Fusion reactors may get some help from meandering electrons

Tokamak fusion reactors, like the one under construction in France for the ITER project, confine a hot plasma that initiates and maintains a thermonuclear reaction. Part of that confinement is provided by electrical currents in the plasma itself, which generate magnetic fields and prevent the plasma from expanding to the reactor walls. A tokamak the size of ITER needs a current of around 15 million amps to corral the plasma into shape.

Research published in Physics of Plasmas shows that at least some of this confining current may arise from the dynamics of the plasma itself. The work predicts that a centrally fueled tokamak — one in which frozen fuel pellets are injected along the plasma’s central axis — could yield a million-amp current, potentially easing the path toward fusion energy generation.

A team of physicists in France derived an analytical model describing the coupling between an outward electron flux and an axial current in an ideal cylindrical tokamak.
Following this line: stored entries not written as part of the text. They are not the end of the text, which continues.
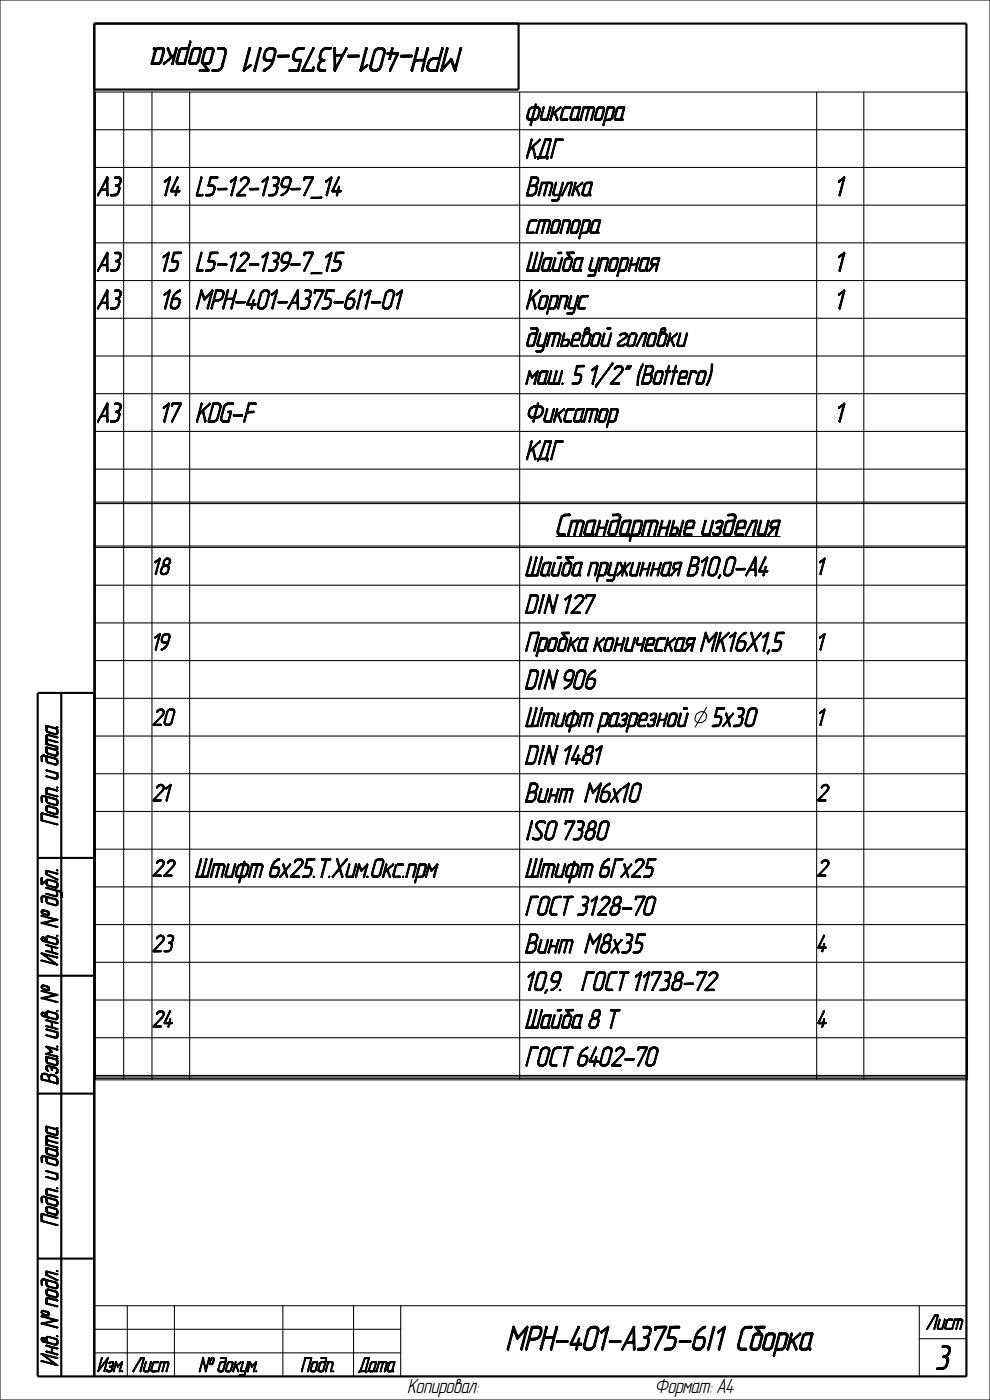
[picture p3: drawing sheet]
<svg xmlns="http://www.w3.org/2000/svg" width="210mm" height="297mm" viewBox="0 0 210 297" stroke-linecap="round" stroke-linejoin="round" font-family="sans-serif">
<defs><g id="words">
<g font-size="7.3">
<text x="52.8" y="10.1" transform="rotate(-180 52.8 10.1)">Сборка</text>
<text x="107.8" y="10.1" transform="rotate(-180 107.8 10.1)">MPH-401-A375-6I1</text>
<text x="97.6" y="286.4">MPH-401-A375-6I1</text>
<text x="151.7" y="286.4">Сборка</text>
<text x="197.9" y="290.5">3</text>
</g>
<text font-size="6.6" x="107.5" y="113.6">Стандартные изделия</text>
<g font-size="5.9">
<text x="111.6" y="25.5">фиксатора</text>
<text x="111.6" y="33.5">КДГ</text>
<text x="19.5" y="41.5">А3</text>
<text x="32.9" y="41.5">14</text>
<text x="41.6" y="41.5">L5-12-139-7_14</text>
<text x="111.6" y="41.5">Втулка</text>
<text x="176.6" y="41.5">1</text>
<text x="111.6" y="49.5">стопора</text>
<text x="19.5" y="57.5">А3</text>
<text x="32.9" y="57.5">15</text>
<text x="41.6" y="57.5">L5-12-139-7_15</text>
<text x="111.6" y="57.5">Шайба упорная</text>
<text x="176.6" y="57.5">1</text>
<text x="19.5" y="65.5">А3</text>
<text x="32.9" y="65.5">16</text>
<text x="41.6" y="65.5">MPH-401-A375-6I1-01</text>
<text x="111.6" y="65.5">Корпус</text>
<text x="176.6" y="65.5">1</text>
<text x="111.6" y="73.5">дутьевой головки</text>
<text x="111.6" y="81.5">маш. 5 1/2&quot; (Bottero)</text>
<text x="19.5" y="89.5">А3</text>
<text x="32.9" y="89.5">17</text>
<text x="41.6" y="89.5">КDG-F</text>
<text x="111.6" y="89.5">Фиксатор</text>
<text x="176.6" y="89.5">1</text>
<text x="111.6" y="97.5">КДГ</text>
<text x="111.4" y="122.1">Шайба пружинная B10,0-А4</text>
<text x="111.4" y="130.1">DIN 127</text>
<text x="111.4" y="138.1">Пробка коническая MK16X1,5</text>
<text x="111.4" y="146.1">DIN 906</text>
<text x="111.4" y="154.1">Штифт разрезной</text>
<text x="150.9" y="154.1">5x30</text>
<text x="111.4" y="162.1">DIN 1481</text>
<text x="111.4" y="170.1">Винт M6x10</text>
<text x="111.4" y="178.1">ISO 7380</text>
<text x="41.4" y="186.1">Штифт 6x25.Т.Хим.Окс.прм</text>
<text x="111.4" y="186.1">Штифт 6Гx25</text>
<text x="111.4" y="194.1">ГОСТ 3128-70</text>
<text x="111.4" y="202.1">Винт M8x35</text>
<text x="111.4" y="210.1">10,9.</text>
<text x="128.7" y="210.1">ГОСТ 11738-72</text>
<text x="111.4" y="218.1">Шайба 8 Т</text>
<text x="111.4" y="226.1">ГОСТ 6402-70</text>
</g>
<g font-size="5.1">
<text x="32.3" y="121.9">18</text>
<text x="173.3" y="121.9">1</text>
<text x="32.3" y="137.9">19</text>
<text x="173.3" y="137.9">1</text>
<text x="32.3" y="153.9">20</text>
<text x="173.3" y="153.9">1</text>
<text x="32.3" y="169.9">21</text>
<text x="173.3" y="169.9">2</text>
<text x="32.3" y="185.9">22</text>
<text x="173.3" y="185.9">2</text>
<text x="32.3" y="201.9">23</text>
<text x="173.3" y="201.9">4</text>
<text x="12.3" y="210.4" transform="rotate(-90 12.3 210.4)">Инв. № дубл.Подп. и дата</text>
<text x="32.3" y="217.9">24</text>
<text x="173.3" y="217.9">4</text>
<text x="12.3" y="295.7" transform="rotate(-90 12.3 295.7)">Инв. № подл.Подп. и датаВзам. инв. №</text>
</g>
<g font-size="4.4">
<text x="196.6" y="282">Лист</text>
<text x="18.6" y="291">Изм.</text>
<text x="27" y="291">Лист</text>
<text x="38.5" y="291">№ докум.</text>
<text x="61.6" y="291">Подп.</text>
<text x="75.2" y="291">Дата</text>
<text x="86.5" y="295.5">Копировал:</text>
<text x="139" y="295.5">Формат: А4</text>
</g>
</g></defs>
<g fill="none" stroke="#000" stroke-width=".22">
<path d="M0 0h210v297h-210zM20.2 19.5h185v209.6h-185zM26.2 19.5v209.6M32.2 19.5v209.6M40.2 19.5v209.6M110.2 19.5v209.6M173.2 19.5v209.6M183.2 19.5v209.6M20.2 27.5h185M20.2 35.5h185M20.2 43.5h185M20.2 51.5h185"/>
<path d="M20.2 59.5h185M20.2 67.5h185M20.2 75.5h185M20.2 83.5h185M20.2 91.5h185M20.2 99.5h185M20.2 106.5h185M20.2 106.8h185M20.2 115.8h185M20.2 116.1h185M117.9 113.8h47.7M20.2 124.1h185"/>
<path d="M20.2 132.1h185M20.2 140.1h185M20.2 148.1h185M20.2 156.1h185M20.2 164.1h185M20.2 172.1h185M20.2 180.1h185M20.2 188.1h185M20.2 196.1h185M20.2 204.1h185M20.2 212.1h185M20.2 220.1h185"/>
<path d="M20.2 228.1h185M20.2 228.5h185M20.2 228.8h185M20 277h185v15h-185zM27 277v15M37 277v15M60 277v15M75 277v15M85 277v15M195 277v15M20 282h65M20 287h65"/>
<path d="M195 284h10"/>
</g>
<g fill="#000">
<path d="M124.4 206.2l1.7 .1zM124.4 206.3h1.7zM124.4 206.3h1.7l-1.5 .1zM124.4 206.2h1.6zM124.4 206.2l1.5-.1zM125.9 209.4l.3-.1v.1zM125.9 209.5l.3-.1zM125.9 209.6h.3zM124.6 206.4h1.4zM125.9 206.4h.1zM126.8 207l-.6 2.3h-.3zM125.9 209.7l.4 .1z"/>
<path d="M124.4 206.2l1.6-.1zM125.9 209.8h.5zM124.6 206.4l1.4-.1zM124.6 206.4l1.5-.1zM126.1 210l1.4-.1zM125.9 209.3h.3zM125.9 209.4h.3l-.3 .1zM125.9 209.5h.3zM125.9 209.7h.4zM125.9 209.6h.3l-.3 .1zM126.2 210.1l1.1-.1zM126 209.9h.5z"/>
<path d="M126.4 207l.4-.1zM126.5 206.8h.4zM126 209.9h.6zM126.4 210.1h.8zM126.6 206.7l.4-.1zM126 209.9h.9zM126.7 206.5h.5zM126.4 207h.4l-.9 2.3zM126.5 206.8l.3 .1-.4 .1zM126.5 210.1h.7zM126.8 210.1h.4zM126.9 206.4l1.4-.1 .1 .1z"/>
<path d="M126.9 206.4h1.5zM126 209.9h1zM126.5 206.8l.4-.1zM126.6 206.7h.3l-.4 .1zM127 206.3h1.3zM127 209.9l.6-.1zM127 209.9l.6-.1-.1 .1zM126.6 206.7l.5-.2zM126.7 206.5h.4l-.5 .2zM126.2 210.1h1zM127.2 206.2h.9zM126.1 210h1.2z"/>
<path d="M126.7 206.5h.7zM126.7 206.5l.8-.1zM126.7 206.5l.2-.1h.6zM126 209.9h1.5zM127.2 206.2l.6-.1zM127.2 206.2l.3-.1zM127.1 209.8h.5zM127.2 206.2l.8-.1zM127 206.3l1.1-.1zM126.9 206.4l.1-.1h1.3z"/>
</g>
<g fill="none" stroke="#000" stroke-width=".21">
<path d="M124.4 206.2h1.6zM124.4 206.2l1.7 .1zM124.4 206.3h1.7zM124.4 206.3h1.7l-1.5 .1zM124.4 206.2l1.6-.1zM124.4 206.2l1.5-.1zM124.6 206.4h1.4zM124.6 206.4l1.4-.1zM124.6 206.4l1.5-.1zM125.9 209.4l.3-.1v.1zM125.9 209.4h.3l-.3 .1zM125.9 209.5l.3-.1z"/>
<path d="M125.9 209.5h.3zM125.9 209.6h.3zM125.9 209.6h.3l-.3 .1zM125.9 206.4h.1zM125.9 209.3h.3zM125.9 209.7h.4zM125.9 209.7l.4 .1zM125.9 209.8h.5zM126 209.9h1zM126 209.9h.9zM126 209.9h.6zM126 209.9h.5z"/>
<path d="M126 209.9h1.5zM126.1 210l1.4-.1zM126.1 210h1.2zM126.2 210.1l1.1-.1zM126.2 210.1h1zM126.4 210.1h.8zM126.4 207l.4-.1zM126.4 207h.4l-.9 2.3zM126.5 206.8l.4-.1zM126.5 206.8h.4zM126.5 206.8l.3 .1-.4 .1zM126.5 210.1h.7z"/>
<path d="M126.6 206.7l.5-.2zM126.6 206.7l.4-.1zM126.6 206.7h.3l-.4 .1zM126.7 206.5h.7zM126.7 206.5l.8-.1zM126.7 206.5l.2-.1h.6zM126.7 206.5h.5zM126.7 206.5h.4l-.5 .2zM126.8 207l-.6 2.3h-.3zM126.8 210.1h.4zM126.9 206.4l.1-.1h1.3zM126.9 206.4l1.4-.1 .1 .1z"/>
<path d="M126.9 206.4h1.5zM127 206.3l1.1-.1zM127 206.3h1.3zM127 209.9l.6-.1zM127 209.9l.6-.1-.1 .1zM127.1 209.8h.5zM127.2 206.2l.8-.1zM127.2 206.2l.6-.1zM127.2 206.2l.3-.1zM127.2 206.2h.9z"/>
</g>
<path d="M110 5v14h-90M13 147v145M20 147h-12v145h197v-287h-185v287M8 182h12M8 207h12M8 232h12M8 267h12" fill="none" stroke="#000" stroke-width=".45"/>
<use href="#words"/>
</svg>

A picture of a random walk emerged: Electrons beginning on the central axis are continually buffeted by turbulence in the plasma, eventually ending up at the edge. During the walk, they also gain momentum along the plasma axis, leading to an axial current.

The work extends pioneering numerical simulations from 1994 that first reported on the axial current, albeit in a regime that ignored collisions. “We discovered that dissipation does not destroy the coupling between the radial and axial fluxes,” said Jean-Marcel Rax, an author of the paper. “Indeed, accounting for collisions is mandatory to describe a steady-state burning tokamak.”

Source: “Kinetic theory of transport driven current in centrally fuelled plasmas,” by J. M. Rax, J. Robiche, R. Gueroult, and C. Ehrlacher, Physics of Plasmas (2018). The article can be accessed at https://doi.org/10.1063/1.5030536 .